> **Activity**: Everything from the first line of the data below through the line that contains "#1 sugar box (280,0,428,104)" should be written out exactly, please, and nothing more; the pictures stay out.
#### Source material
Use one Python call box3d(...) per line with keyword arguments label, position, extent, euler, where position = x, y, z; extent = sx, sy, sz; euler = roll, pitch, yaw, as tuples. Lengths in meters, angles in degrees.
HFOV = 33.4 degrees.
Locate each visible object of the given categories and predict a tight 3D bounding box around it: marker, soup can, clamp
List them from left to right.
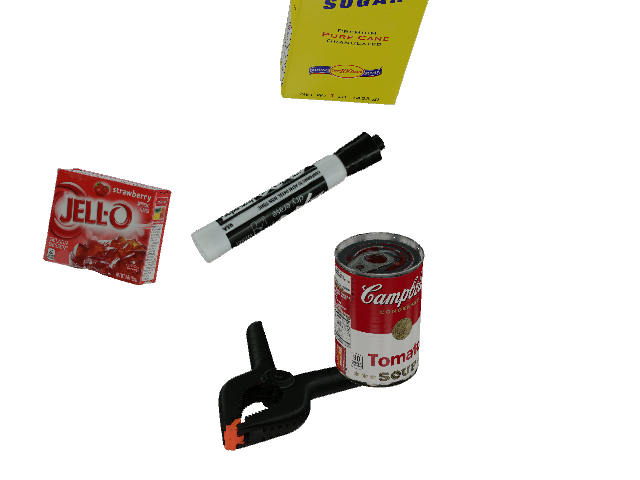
box3d(label="clamp", position=(-0.033, 0.154, 1.106), extent=(0.165, 0.036, 0.209), euler=(11, 26, 15))
box3d(label="marker", position=(-0.016, -0.026, 0.595), extent=(0.121, 0.020, 0.020), euler=(-32, 8, -13))
box3d(label="soup can", position=(0.044, 0.054, 0.827), extent=(0.068, 0.102, 0.068), euler=(0, 27, 0))

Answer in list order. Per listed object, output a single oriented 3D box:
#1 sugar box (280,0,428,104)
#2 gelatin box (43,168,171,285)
box3d(label="sugar box", position=(0.026, -0.169, 0.763), extent=(0.093, 0.048, 0.176), euler=(2, -29, -8))
box3d(label="gelatin box", position=(-0.164, -0.012, 0.814), extent=(0.089, 0.073, 0.030), euler=(14, 7, 19))
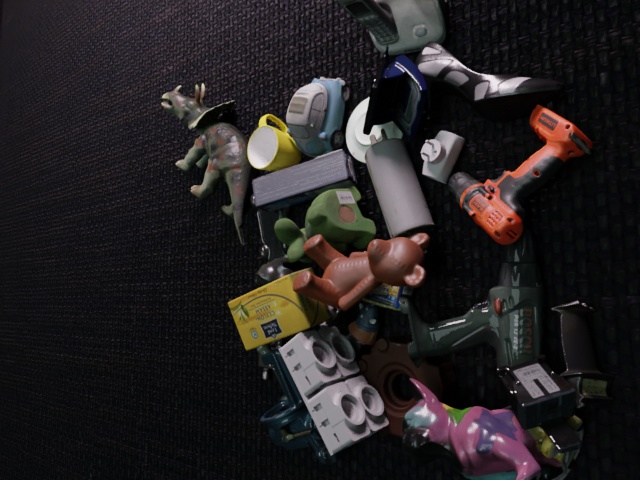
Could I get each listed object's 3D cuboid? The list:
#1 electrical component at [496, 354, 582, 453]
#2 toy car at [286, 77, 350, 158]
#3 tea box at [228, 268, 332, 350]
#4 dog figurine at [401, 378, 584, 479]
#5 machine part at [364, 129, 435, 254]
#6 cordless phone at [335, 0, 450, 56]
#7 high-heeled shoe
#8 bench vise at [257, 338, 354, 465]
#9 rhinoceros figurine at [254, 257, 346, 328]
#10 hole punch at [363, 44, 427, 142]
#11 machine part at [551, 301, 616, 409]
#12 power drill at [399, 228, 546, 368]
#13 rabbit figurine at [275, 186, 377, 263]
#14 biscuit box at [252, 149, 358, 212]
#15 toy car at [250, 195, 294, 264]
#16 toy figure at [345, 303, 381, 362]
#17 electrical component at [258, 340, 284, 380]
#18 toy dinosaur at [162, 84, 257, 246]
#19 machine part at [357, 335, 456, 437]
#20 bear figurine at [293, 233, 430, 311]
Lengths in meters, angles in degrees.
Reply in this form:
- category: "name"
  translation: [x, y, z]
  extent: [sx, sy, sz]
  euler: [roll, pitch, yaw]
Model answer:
- category: "electrical component"
  translation: [0.283, 0.207, 0.683]
  extent: [0.119, 0.075, 0.047]
  euler: [-105, 2, -62]
- category: "toy car"
  translation: [-0.011, -0.244, 1.050]
  extent: [0.109, 0.103, 0.161]
  euler: [21, 100, 39]
- category: "tea box"
  translation: [-0.074, 0.122, 0.944]
  extent: [0.170, 0.068, 0.098]
  euler: [-28, 82, 37]
- category: "dog figurine"
  translation: [0.224, 0.264, 0.755]
  extent: [0.219, 0.191, 0.108]
  euler: [29, 142, 43]
- category: "machine part"
  translation: [0.135, -0.084, 0.923]
  extent: [0.079, 0.079, 0.243]
  euler: [-30, 66, 34]
- category: "cordless phone"
  translation: [0.122, -0.390, 0.900]
  extent: [0.147, 0.184, 0.088]
  euler: [5, 84, 41]
- category: "high-heeled shoe"
  translation: [0.257, -0.264, 0.843]
  extent: [0.249, 0.086, 0.145]
  euler: [1, 78, 39]
- category: "bench vise"
  translation: [-0.041, 0.293, 0.989]
  extent: [0.223, 0.129, 0.240]
  euler: [-33, 83, 54]
- category: "rhinoceros figurine"
  translation: [-0.034, 0.097, 1.021]
  extent: [0.190, 0.112, 0.073]
  euler: [28, 99, 18]
- category: "hole punch"
  translation: [0.129, -0.239, 0.903]
  extent: [0.092, 0.142, 0.116]
  euler: [10, 49, 5]
- category: "machine part"
  translation: [0.353, 0.153, 0.720]
  extent: [0.039, 0.084, 0.139]
  euler: [-38, 51, 57]
- category: "power drill"
  translation: [0.227, 0.104, 0.801]
  extent: [0.207, 0.086, 0.232]
  euler: [-9, 84, 12]
- category: "rabbit figurine"
  translation: [-0.002, -0.003, 1.000]
  extent: [0.170, 0.159, 0.121]
  euler: [-45, 67, 45]
- category: "biscuit box"
  translation: [-0.033, -0.111, 1.044]
  extent: [0.203, 0.059, 0.063]
  euler: [-15, 75, 20]
- category: "toy car"
  translation: [-0.094, -0.034, 1.127]
  extent: [0.074, 0.056, 0.201]
  euler: [-20, 73, 30]
- category: "toy figure"
  translation: [0.065, 0.180, 0.967]
  extent: [0.064, 0.057, 0.154]
  euler: [42, 106, 29]
- category: "electrical component"
  translation: [-0.099, 0.246, 1.120]
  extent: [0.063, 0.021, 0.094]
  euler: [2, 86, 40]
- category: "toy dinosaur"
  translation: [-0.214, -0.189, 1.212]
  extent: [0.405, 0.131, 0.192]
  euler: [50, 117, 26]
- category: "machine part"
  translation: [0.141, 0.246, 0.895]
  extent: [0.180, 0.056, 0.179]
  euler: [-4, 84, 39]
- category: "bear figurine"
  translation: [0.070, 0.039, 0.852]
  extent: [0.196, 0.132, 0.120]
  euler: [-30, 34, 44]
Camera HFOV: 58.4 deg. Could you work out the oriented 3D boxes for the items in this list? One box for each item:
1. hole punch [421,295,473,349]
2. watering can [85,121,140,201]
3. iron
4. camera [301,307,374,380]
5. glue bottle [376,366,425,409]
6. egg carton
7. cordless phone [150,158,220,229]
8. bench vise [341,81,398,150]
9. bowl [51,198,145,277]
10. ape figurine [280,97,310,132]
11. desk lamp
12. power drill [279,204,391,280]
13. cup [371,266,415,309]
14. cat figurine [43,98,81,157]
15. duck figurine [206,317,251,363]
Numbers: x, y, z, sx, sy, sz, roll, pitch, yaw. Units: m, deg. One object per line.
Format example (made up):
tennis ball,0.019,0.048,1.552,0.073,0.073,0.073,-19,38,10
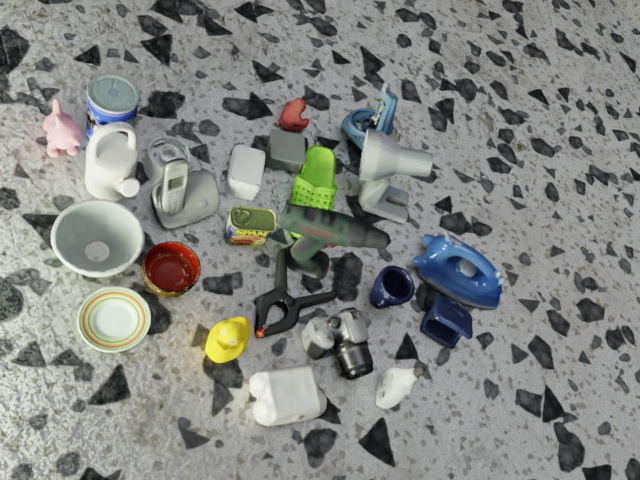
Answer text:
hole punch,0.302,0.182,1.334,0.109,0.091,0.101,31,55,-5
watering can,-0.412,-0.164,1.152,0.173,0.193,0.101,41,55,3
iron,0.363,0.072,1.392,0.258,0.141,0.119,32,55,-4
camera,0.053,0.220,1.199,0.143,0.100,0.136,-8,66,-27
glue bottle,0.167,0.289,1.166,0.037,0.173,0.078,20,57,-12
egg carton,-0.062,0.304,1.121,0.151,0.069,0.107,-4,65,-25
cordless phone,-0.272,-0.112,1.190,0.148,0.185,0.094,-25,75,-32
bench vise,0.164,-0.284,1.455,0.207,0.219,0.122,42,55,3
bowl,-0.433,0.007,1.121,0.168,0.074,0.167,11,59,-18
ape figurine,-0.062,-0.325,1.457,0.076,0.092,0.077,-23,73,-32
desk lamp,0.167,-0.160,1.391,0.203,0.213,0.118,17,57,-14
power drill,0.011,0.004,1.235,0.230,0.208,0.075,20,57,-12
cup,0.149,0.125,1.297,0.091,0.095,0.118,40,55,2
cat figurine,-0.533,-0.232,1.184,0.067,0.117,0.127,-11,67,-28
duck figurine,-0.173,0.186,1.128,0.077,0.086,0.105,43,55,3
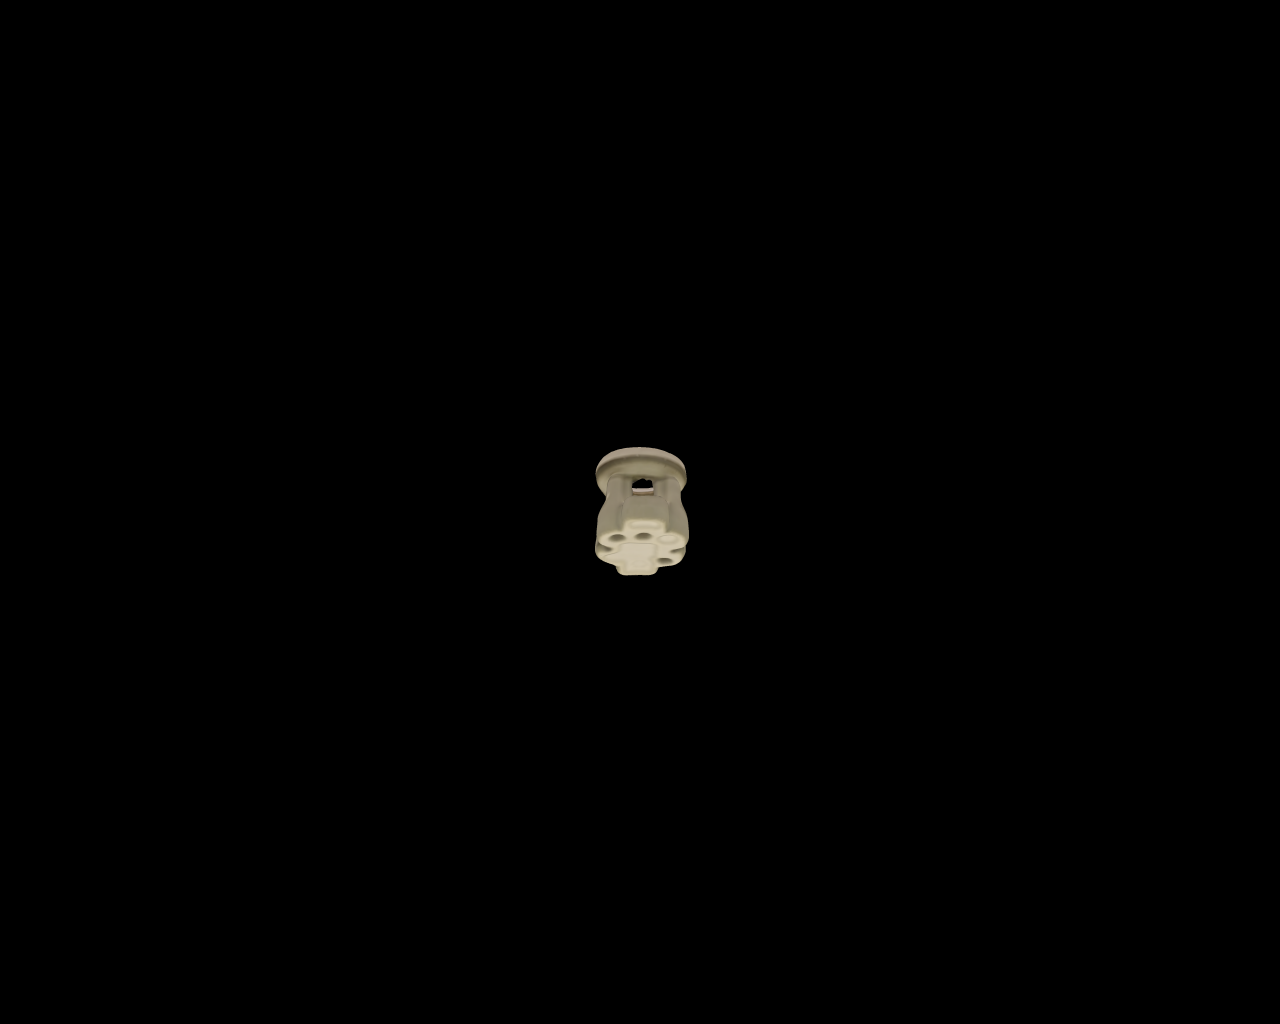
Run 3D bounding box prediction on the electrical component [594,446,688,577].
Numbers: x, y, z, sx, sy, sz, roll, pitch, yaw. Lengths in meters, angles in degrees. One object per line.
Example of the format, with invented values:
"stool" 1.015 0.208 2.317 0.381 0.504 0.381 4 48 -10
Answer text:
"electrical component" 0.001 -0.003 0.650 0.058 0.057 0.078 2 -27 -3
########
> **Your response**:
Use one Python call box3d(...) per line with keyword arguments label, position, extent, euler, where position = x, y, z; extent = sx, sy, sz; euler = roll, pitch, yaw, as tuples. Lengths in meters, angles in degrees.
HFOV = 33.4 degrees.
Locate each visible object of the given categories and predict a tight 3D bounding box around it: marker, soup can, clamp
List them from left to right.
box3d(label="clamp", position=(-0.033, 0.154, 1.106), extent=(0.165, 0.036, 0.209), euler=(11, 26, 15))
box3d(label="marker", position=(-0.016, -0.026, 0.595), extent=(0.121, 0.020, 0.020), euler=(-32, 8, -13))
box3d(label="soup can", position=(0.044, 0.054, 0.827), extent=(0.068, 0.102, 0.068), euler=(0, 27, 0))

Answer in list order. Per listed object, output a single oriented 3D box:
#1 sugar box (280,0,428,104)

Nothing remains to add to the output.